As you might guess I have thoughts!  I cannot count the number of drives and NAS devices that have failed on my watch.  Power Supplies, Remember Drobo???, the Wrong models of 3tb drives with infant mortality.  The UPS is but another thing in the chain to fail.  I have had three of them go belly up in the last two years.  They love to toast the stupid lead acid batteries and their terrible failure modes.  How many times has the UPS said the battery is good only to find out that it is actually dead and you get an extra 5 seconds of pain when the power goes out.  I know Annual Maintenance.    Look at https://en.wikipedia.org/wiki/Nickel–iron_battery for something a lot better. OR https://en.wikipedia.org/wiki/Lithium_iron_phosphate_battery.

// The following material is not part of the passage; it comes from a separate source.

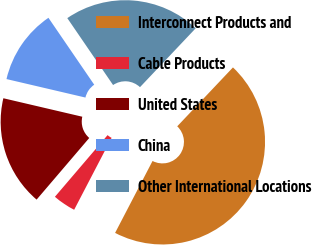Convert chart to OTSL. <chart><loc_0><loc_0><loc_500><loc_500><pie_chart><fcel>Interconnect Products and<fcel>Cable Products<fcel>United States<fcel>China<fcel>Other International Locations<nl><fcel>45.58%<fcel>3.61%<fcel>17.41%<fcel>11.79%<fcel>21.61%<nl></chart> 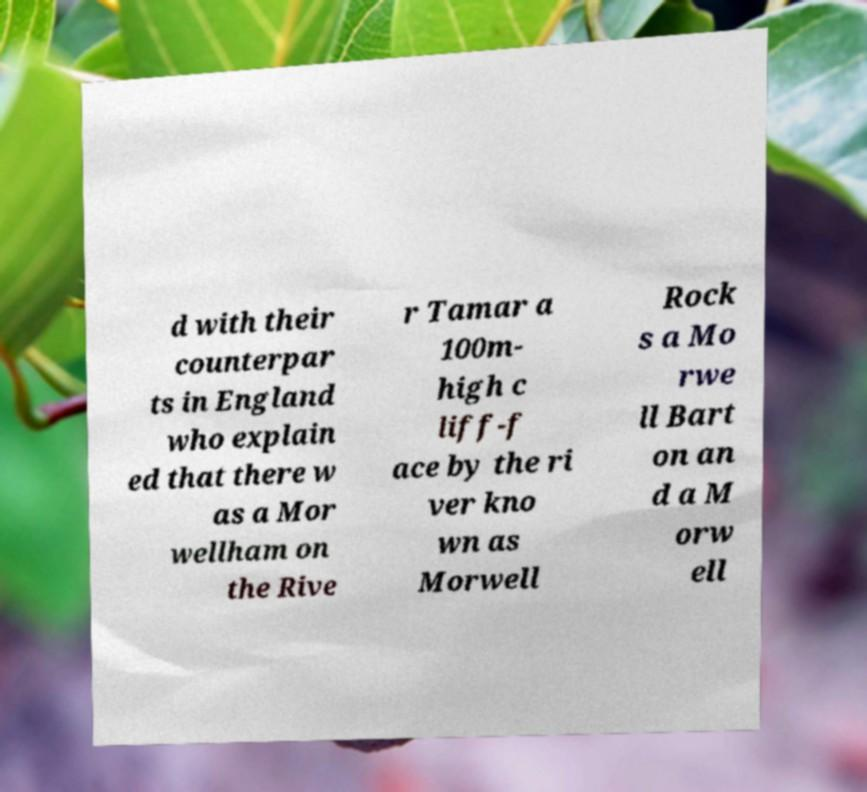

We can do better folks!  Or different.

 

 

 

 

I am a firm believer in DAS (Direct Attached Storage).  Sprinkle in some U2 drives (NVME but removable) and you are talking real performance

 

Here is where I am going to lose 60% of the audience.  I use Macs!  I have to support windows and I hate it.  When I have to support linux I outsource it.  

 

I use a NAS for backup purposes only.  MY primary is a 5 bay Synology DS1019+ with five 8tb drives and 512GB of SSD cache.  The software is weird it, but it just keeps running.  In the next year or so I will replace it.  I do not trust the hardware any longer than about three years.  The NAS also runs minimserver for me.

 

I have two DAS solutions I want to talk about.  The OWC Thunderbay 8 and the OWC MiniStack STX. The Thunderbay 8 looks like a shrunk down Mac Pro of old.  It has eight drive bays and a spare expansion slot.  The top four drive bays can use U.2 drives AKA removable NVME at PCIE speed.  The bottom four bays are SATA. The MiniStack is a much simpler device with one m.2 NVME slot and one SATA slot.  it is a Thunderbolt 4 hub and the drives are basically running at SATA speeds.

 

We can jigger these up with TB to 10gig ethernet if you want..  Now I only have about 8TB of music files in my library!  The music system is a single M1 Mac mini with the STX attached and 18TB + 4Tb inside the STX.  The Mac mini backs up to the NAS and the system drive to the cloud.  I manually backup the NAS to 2.5 in portable drives for storage in my Safe Deposit Box.  Manual and a bad idea becuuse it does not get done often enough.

 

The systems (more about this later) are backed up offsite to iDrive.  This is my partially executed 3-2-1 backup system with a +1 helper. I am looking at cold storage in the cloud such as C2 or Glacier.

 

-----------------

 

Note that this design is not final and I am open to other ideas.

 

PS 18TB spinning drives are $399. 

PS JBOD is your friend

https://www.arqbackup.com is a very very interesting core tool to try.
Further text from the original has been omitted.